TASK TO COMPLETE => Read the lines of the data below and retrieve those with "name".

INFORMATION SUPPLIED =>

┄┄┄┄┄┄

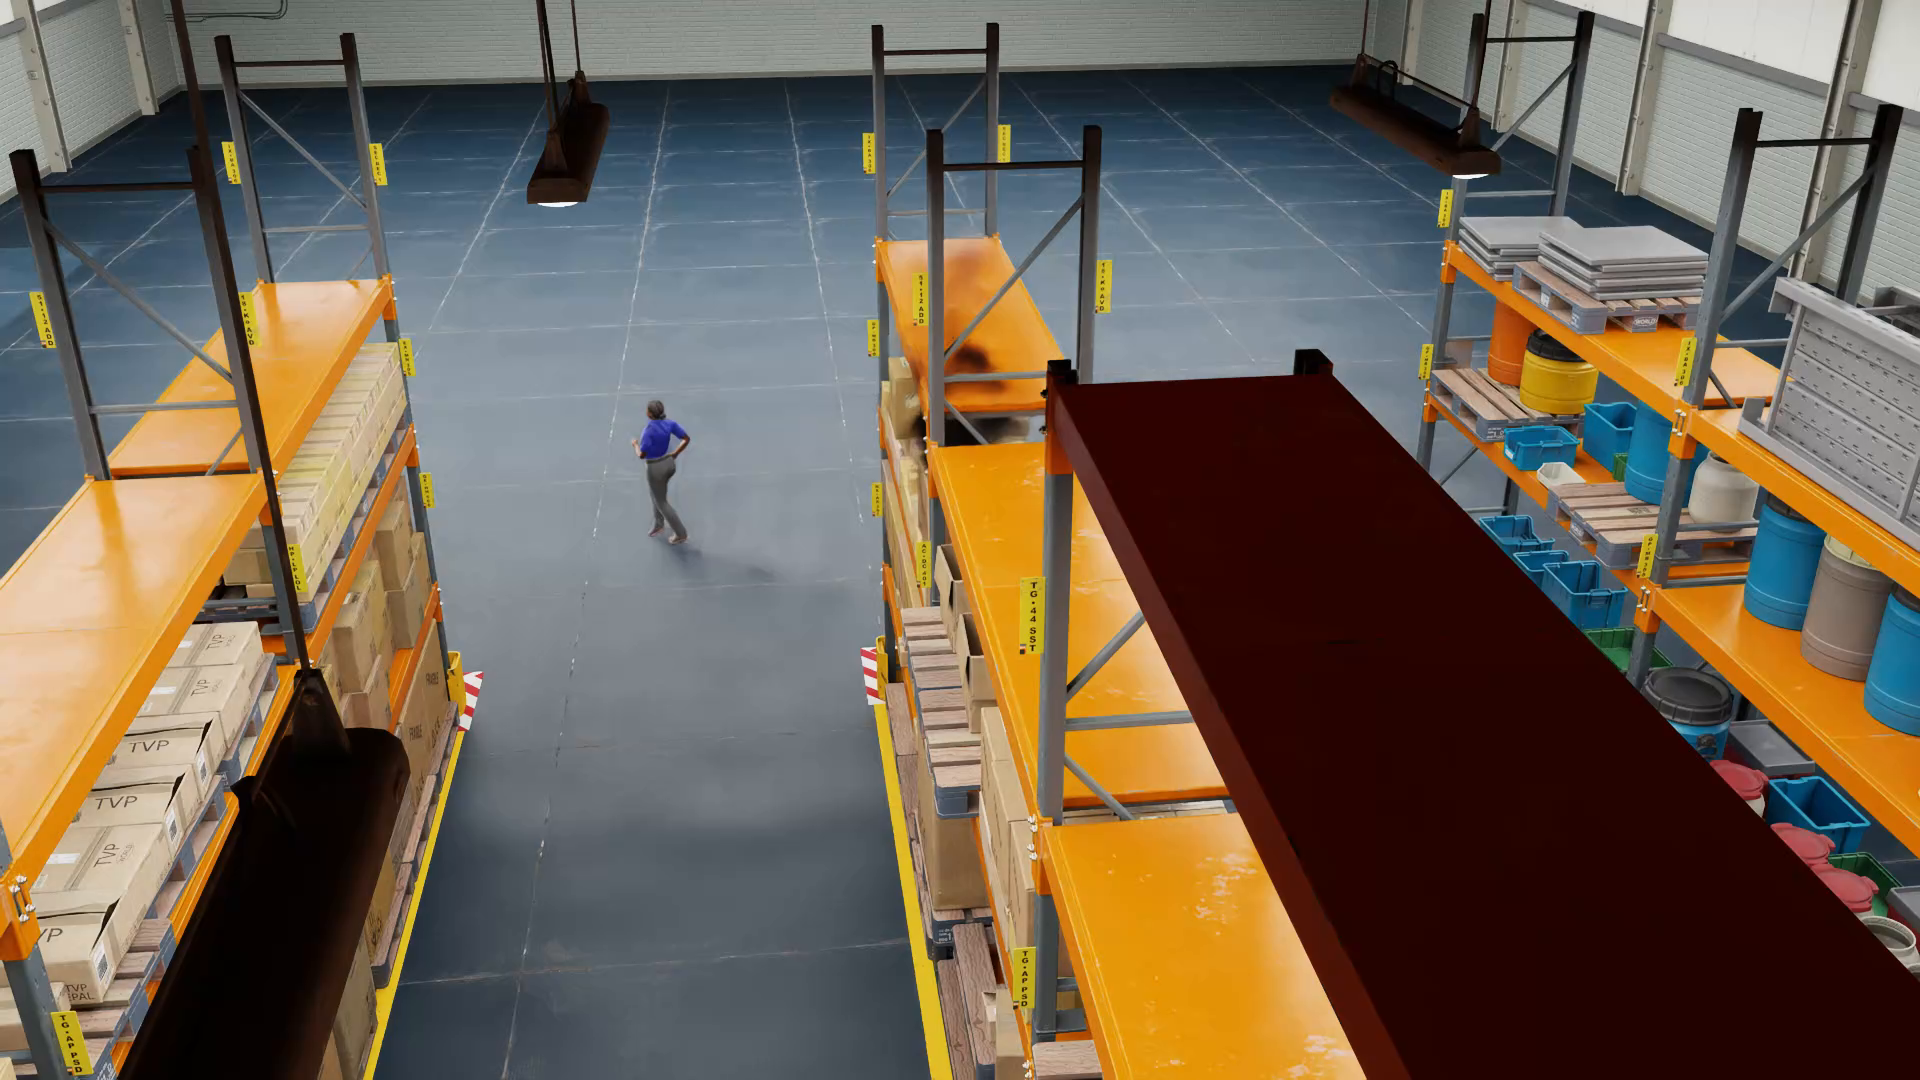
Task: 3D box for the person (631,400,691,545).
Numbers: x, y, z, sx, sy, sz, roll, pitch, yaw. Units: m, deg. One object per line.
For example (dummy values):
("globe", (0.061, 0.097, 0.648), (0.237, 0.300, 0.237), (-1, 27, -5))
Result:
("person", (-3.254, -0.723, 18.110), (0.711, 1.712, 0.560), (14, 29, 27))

┄┄┄┄┄┄

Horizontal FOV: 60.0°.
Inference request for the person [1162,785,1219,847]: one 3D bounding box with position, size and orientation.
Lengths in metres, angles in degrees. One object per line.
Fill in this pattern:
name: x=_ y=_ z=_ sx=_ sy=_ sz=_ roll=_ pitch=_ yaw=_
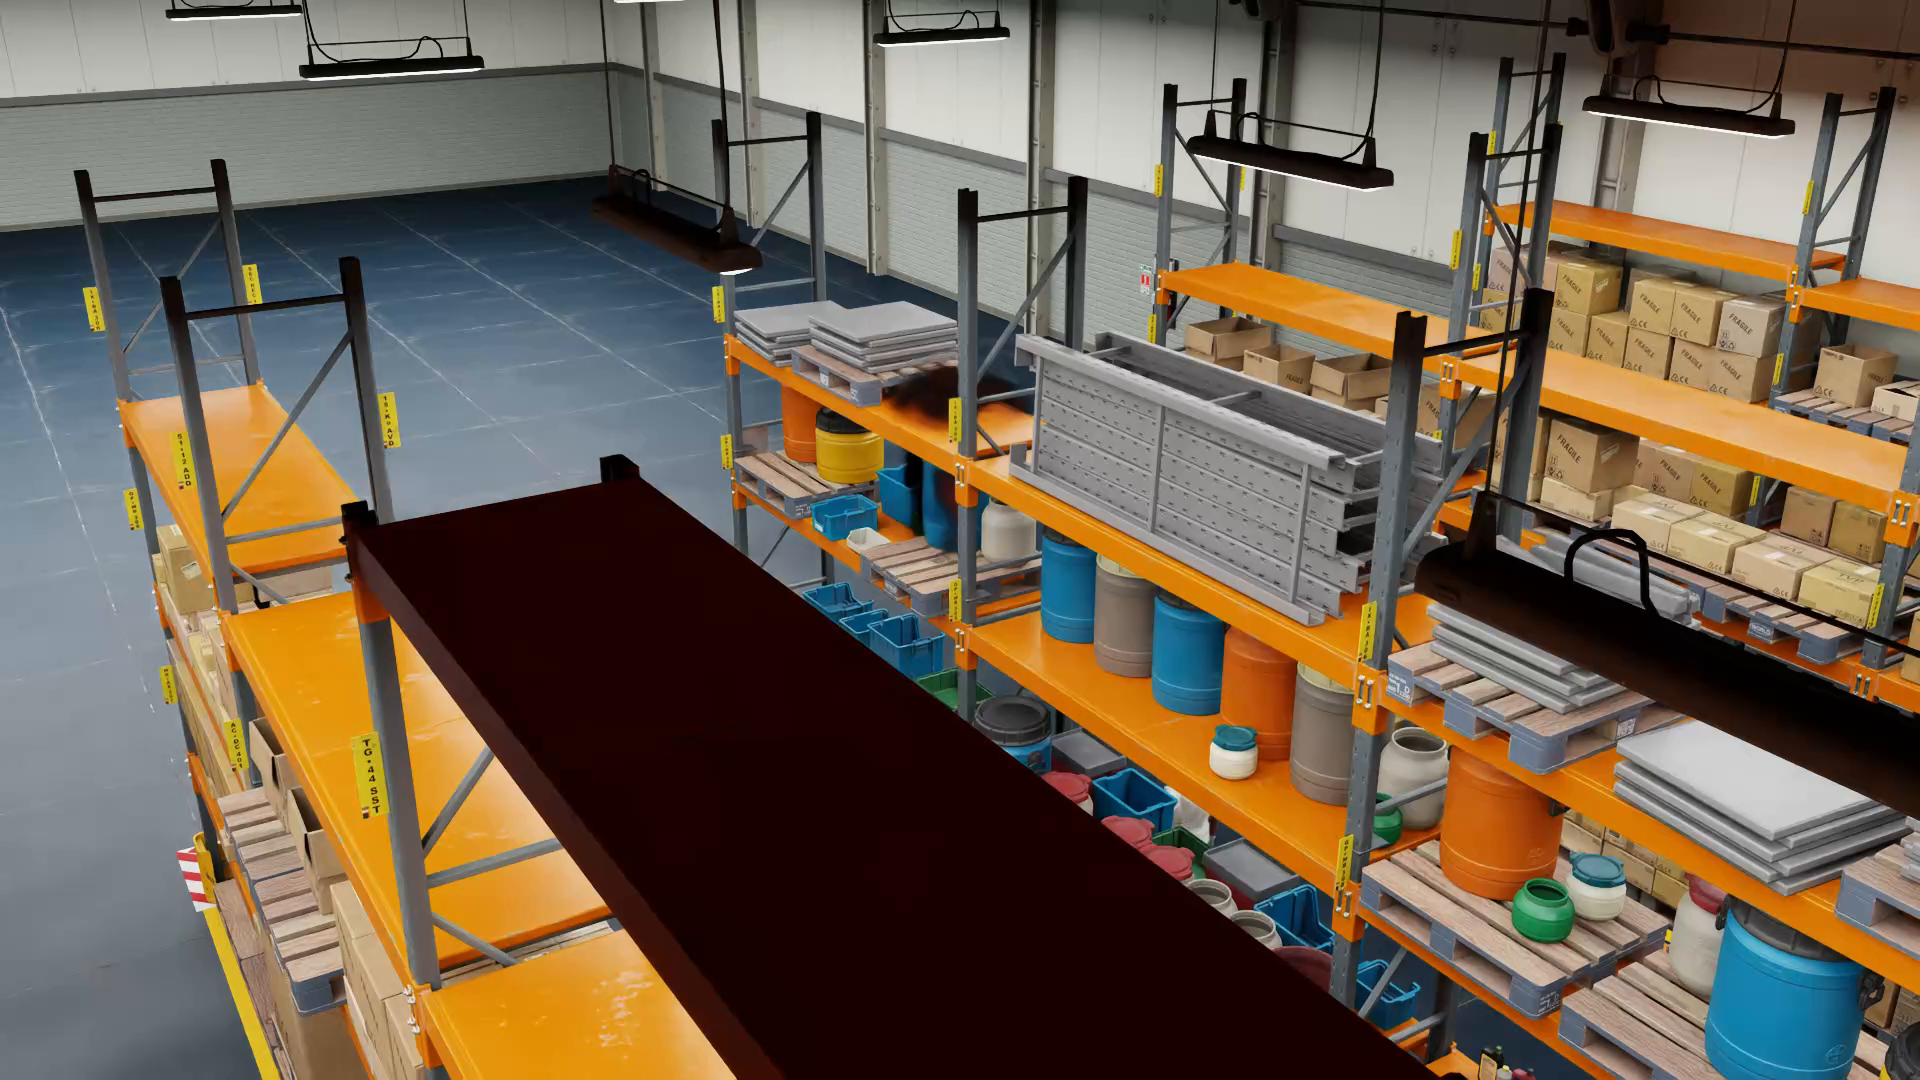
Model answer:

┄┄┄┄┄┄

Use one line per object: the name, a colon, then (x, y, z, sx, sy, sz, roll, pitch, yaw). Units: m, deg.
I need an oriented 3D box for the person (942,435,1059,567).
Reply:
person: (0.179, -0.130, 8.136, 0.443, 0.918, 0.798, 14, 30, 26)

┄┄┄┄┄┄

TASK RESULT =>
name: x=_ y=_ z=_ sx=_ sy=_ sz=_ roll=_ pitch=_ yaw=_
Use one line per object: the name, a colon, then (x, y, z, sx, sy, sz, roll, pitch, yaw). Units: m, deg.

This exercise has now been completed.